On Optimal Prediction Rules With Prospective Missingness and Bagged Empirical Null Inference in Large-Scale Data
Mercaldo, Sarah Fletcher
This dissertation consists of three papers related to missing data, prediction, and large scale inference. The first paper defines the problem of obtaining predictions from an exist- ing clinical risk prediction model when covariates are missing. We introduce the Pattern Mixture Kernel Submodel - submodels fit within each missing data pattern - that minimize prediction error in the presence of missingness. PMKS is explored in simulations and a case study, outperforming standard simple and multiple imputation techniques. The second paper introduces the Bagged Empirical Null p-value, a new algorithm that combines exist- ing methodology of Bagging and Empirical Null techniques to identify important effects in massive high-dimensional data. We illustrate the approach using a famous leukemia gene example where we uncovered new findings that are supported by previously published bench- work and we evaluate the algorithm’s performance in novel pseudo-simulations.
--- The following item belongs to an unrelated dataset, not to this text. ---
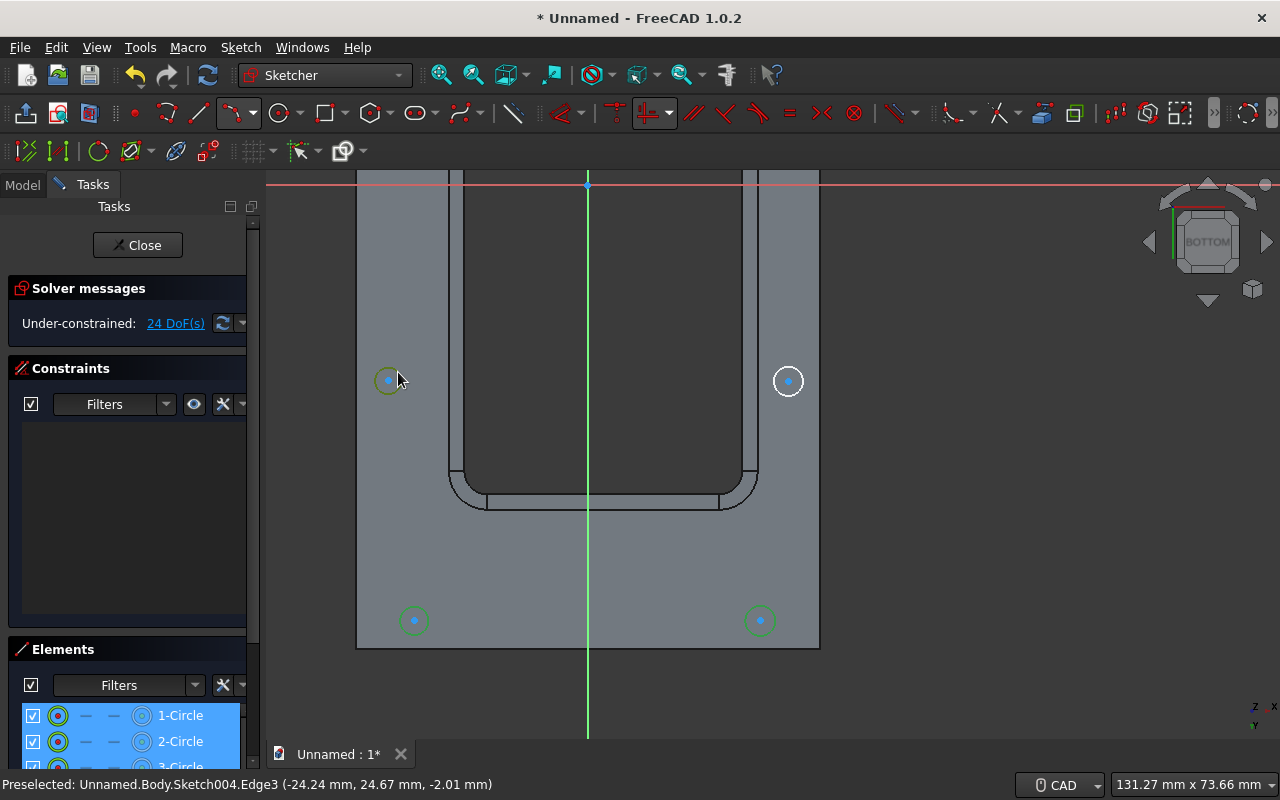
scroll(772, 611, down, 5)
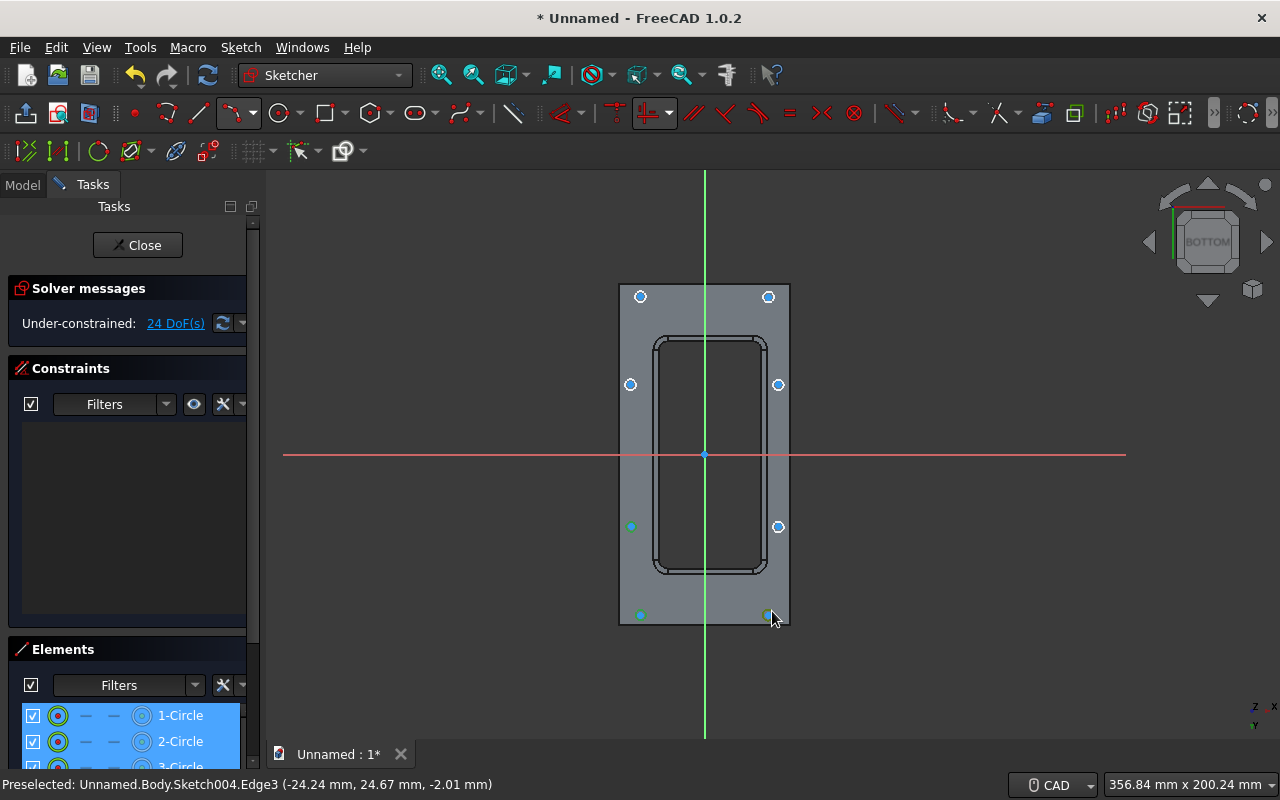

The third paper gives recommendations for including the outcome in the imputation model during construction, validation, and application. We suggest only including the outcome for impu- tation of missing covariate values during model construction to obtain unbiased parameter estimates. When the outcome is used in the imputation algorithm during the validation step, we show through simulation, the model prediction metrics are optimistically inflated, and the actual pragmatic model performance would be inferior to the validated results. While the three papers presented here provide foundations for missing data and large scale inferential techniques, these ideas are applicable to a wide range of biomedical settings.